Studies of the brain mechanisms associated with initiation of movements have shown that motor activation necessary for the movement always start automatically, well before one becomes aware of the presence of initiation of the movement. This has been demonstrated by recording the Bereitschafts potential, which is directly associated with the neural activation needed for motor activities and movements [15-26]. The Bereitschafts potential which initiates the motor potentials starts about 2-3 seconds before the initiation of the motor potential in the motor system needed for the movement, when the individual is not aware of its presence [28,29]. The individual becomes aware of the movement only after the prior neural activation has already initiated the movement [31,32]. Therefore, if one wants to control any movement before it is initiated, one must have control on the drive, the rising of which to a critical point initiates the movement or the action. The simple parallel example is the process of heating water. When the water is heated and when it reaches 100 degrees centigrade, the water automatically starts boiling. In the same manner when the drive reaches a Critical Level of Potentiation (CLP), it initiates the movement automatically [1]. One must learn to control the drive early enough so that it does not reach the CLP point, when action would be automatically initiated. Learning to control and maintain the drive at a desired level must be acquired from infancy, and this is supported and made possible through social supports to the individual. Absence or reduced drive level also causes impediments to individuals as one would not be able to work for achieving goals, though one may be aware of the need to work for achieving goals of life. Drive and emotional arousal are different names used for the same arousal, which is an essential requirement for the initiation and completion of actions overcoming all impediments, if present. Additionally, it helps to anticipate or expect consequences and effects of one’s own actions when one could learn to control style of carrying out the actions for obtaining the best or desired results.

What is important is to know that an action is initiated when the related drive reaches a critical limit [1,14,27]. Action is not initiated by a cognitive decision or cognitive state. Without drive or emotional arousal, no action is initiated, even if one has extensive cognitive appraisal of the need to act. Emotional arousal needs to be developed independently, as it does not develop by cognitive suggestions. Emotional arousal develops during and through physical actions and reactions with psychological involvement as in dancing, sporting, singing, praying, etc., all of which have various forms of sensory-motor presentations that we have developed, which could also cause emotional arousal states [19,20]. The emotional arousal and its molding are expected to be controlled from within by the ideal expectations and their controls of own sensory-motor contacts. One is not expected to mold own emotions based on the observed emotional states or reactions of other individuals (Sthita Prajna, cognitive molding of emotion- [33,34]). Cognitive processing that may take place during these reactions and movements help mold the emotional state into positive or negative emotions, which may highly differential effects on the self as well as on others.

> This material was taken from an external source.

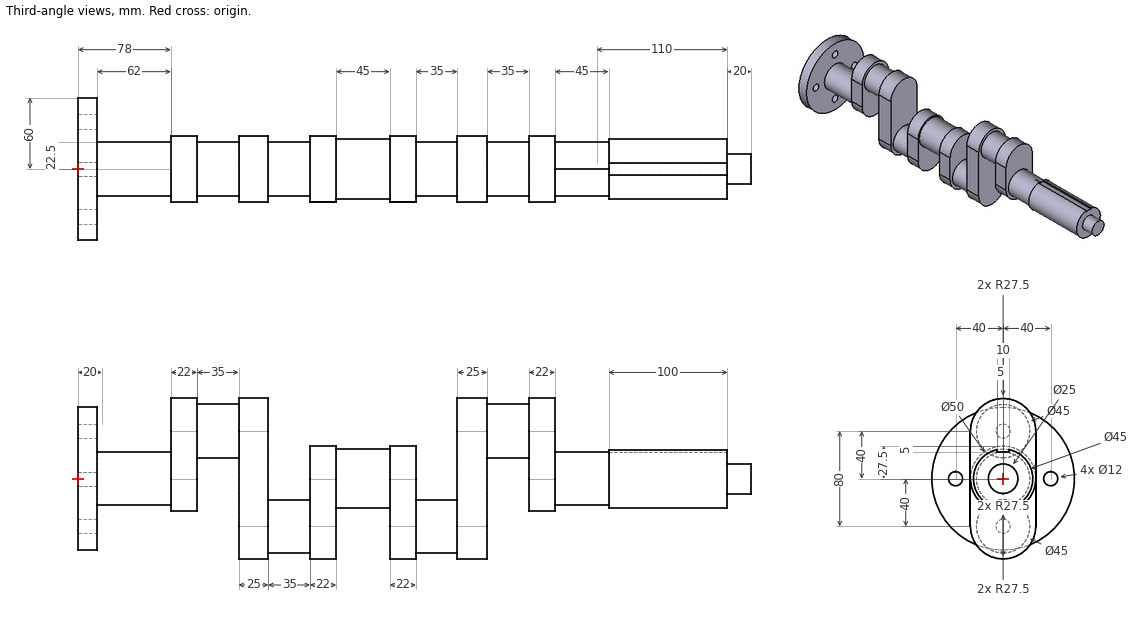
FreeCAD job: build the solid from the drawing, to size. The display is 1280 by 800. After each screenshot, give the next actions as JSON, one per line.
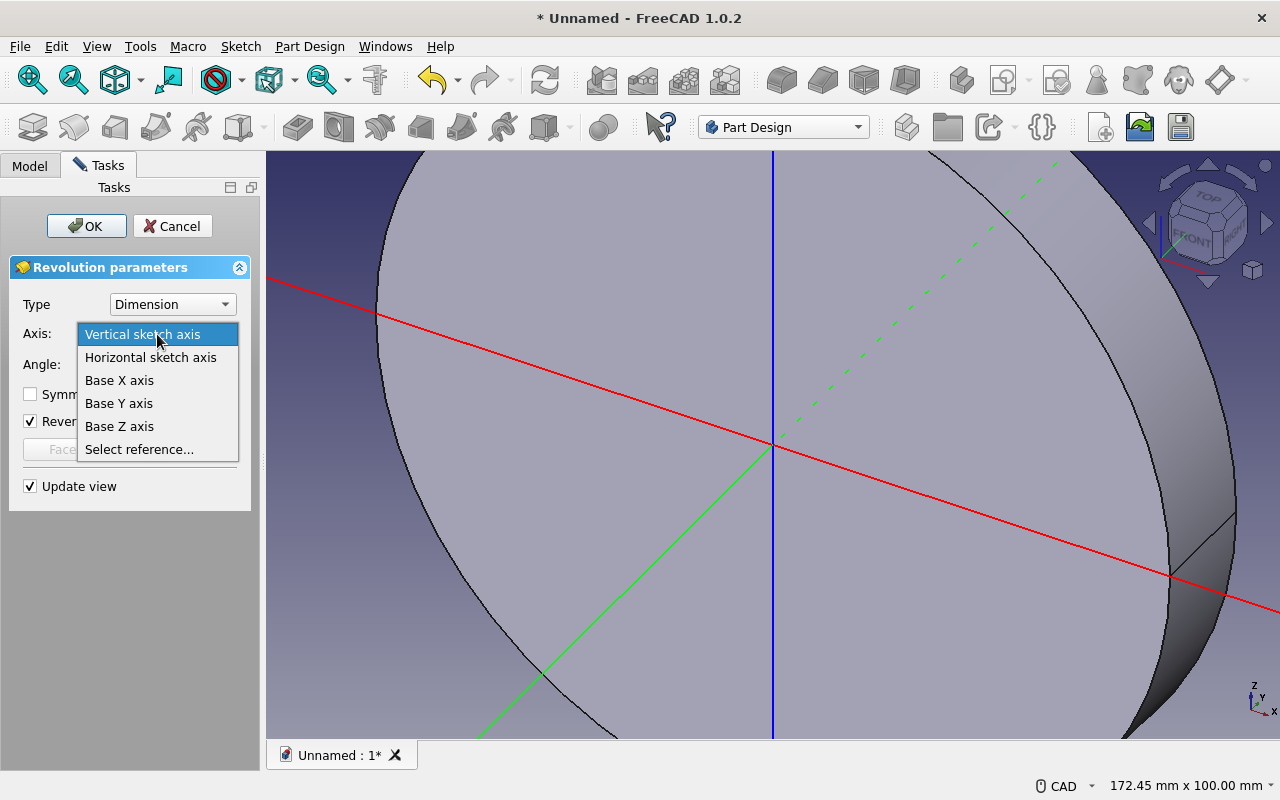
{"action": "left_click", "coordinate": [156, 358]}
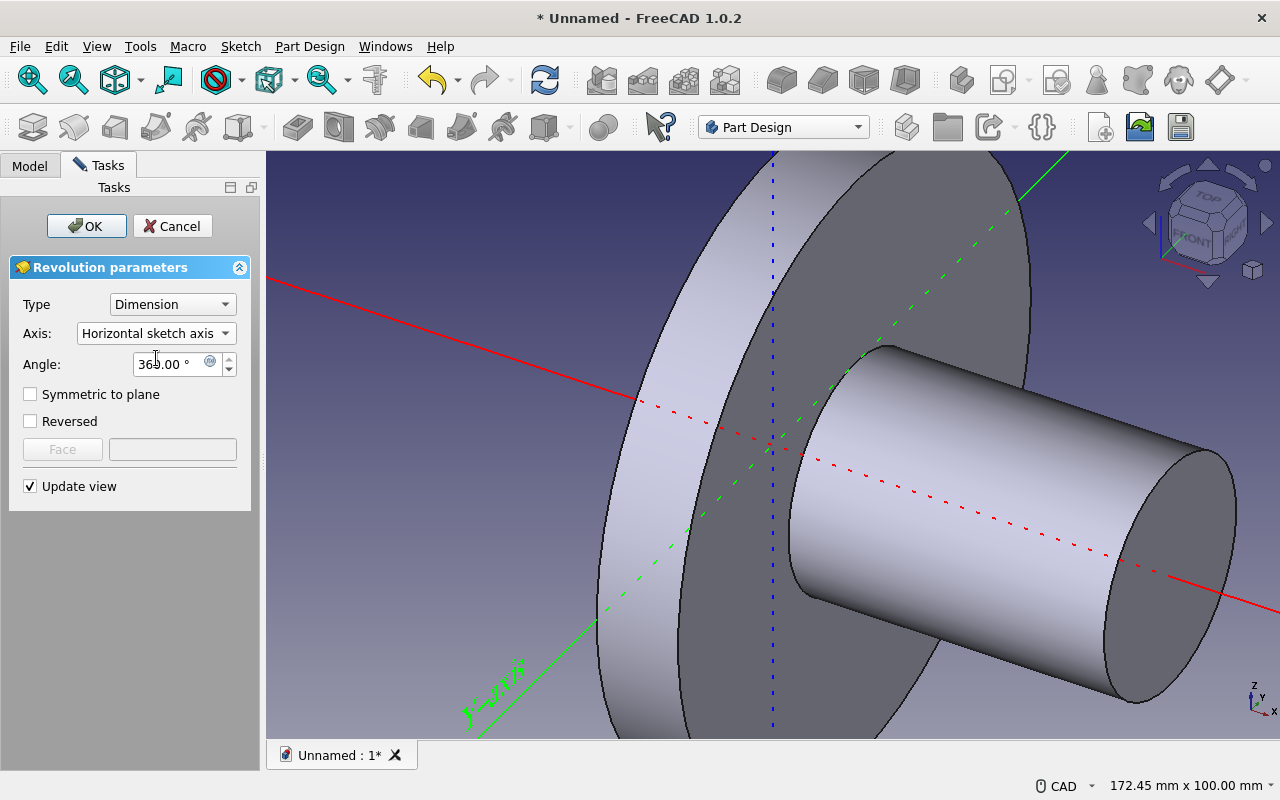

One must learn to build the drive within and learn to maintain and utilize the drive in a controlled manner so that one engages only in socially approved and progressive activities. It is known that several of the criminal actions are carried out by individuals when they have no control on the associated drive, which propels them in such violent and undesirable directions. When the drive reaches the critical level, the system initiates and executes the actions, even if they know about its non-acceptability or criminal effects of the action. Social conditioning of emotional arousal is the only means to learn to keep the drive under control. One could learn this control on the drive since birth, from the first few months. The aim of the conditioning must be for the child to learn to wait, when necessary, for carrying out an act, at home and while being taken out. The child must learn to wait and carry out movements related to eating, drinking and playing in a controlled manner. Thus, a child should learn to carry out all movements and actions, considering the knowledge of possible reactions expected and present from others, and how it may merge with the needs and challenges of the specific surroundings. The child learns to carry out the movements and actions in a controlled manner while responding to others; and he does take care to see that he does not offend or hurt others. The child must also learn to think over as well as anticipate effects of his proposed actions and decide strategies for handling such effects and execute various actions. One could start exploring and engaging in adventurous activities as a child and master the self-controls needed for successfully carrying them out. He must learn to finally carry out an action considering all possible consequences and his own proposed reactions to them. Obviously, a child may take long periods for developing and learning a very appropriate positive action method. However, they often learn fast the immediate effects of carrying out negative actions and decide on the need to indulge in them for personal benefits and advantages.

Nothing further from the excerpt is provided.